She was used to operating in white environments, but in the Commons the scrutiny was even more intense than usual. She tried to tune it out: “Life had taught me, you just had to get on with things. If you allow yourself to be derailed by racism, you won’t do anything.” At times, she turned the long history of prejudice in the Commons back against the racists. At the official opening of parliament after the 1987 election, she deliberately sat in the spot on the opposition benches that had once been habitually occupied by Enoch Powell.

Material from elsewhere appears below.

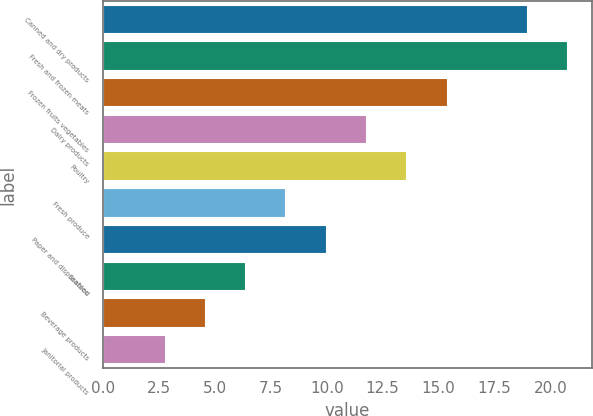Convert chart to OTSL. <chart><loc_0><loc_0><loc_500><loc_500><bar_chart><fcel>Canned and dry products<fcel>Fresh and frozen meats<fcel>Frozen fruits vegetables<fcel>Dairy products<fcel>Poultry<fcel>Fresh produce<fcel>Paper and disposables<fcel>Seafood<fcel>Beverage products<fcel>Janitorial products<nl><fcel>19<fcel>20.8<fcel>15.4<fcel>11.8<fcel>13.6<fcel>8.2<fcel>10<fcel>6.4<fcel>4.6<fcel>2.8<nl></chart>

A few white MPs tried to make her feel she belonged. “Jeremy [Corbyn] was very supportive,” she recalled. While others kept their distance, he sat with Abbott, Grant, Boateng and Vaz in the Commons. Tony Banks, a more flamboyant leftwing MP, took her to the Smoking Room, a Commons bar long associated with Conservative MPs and boozy machismo, on her very first day. Pointedly, he bought her a bottle of champagne.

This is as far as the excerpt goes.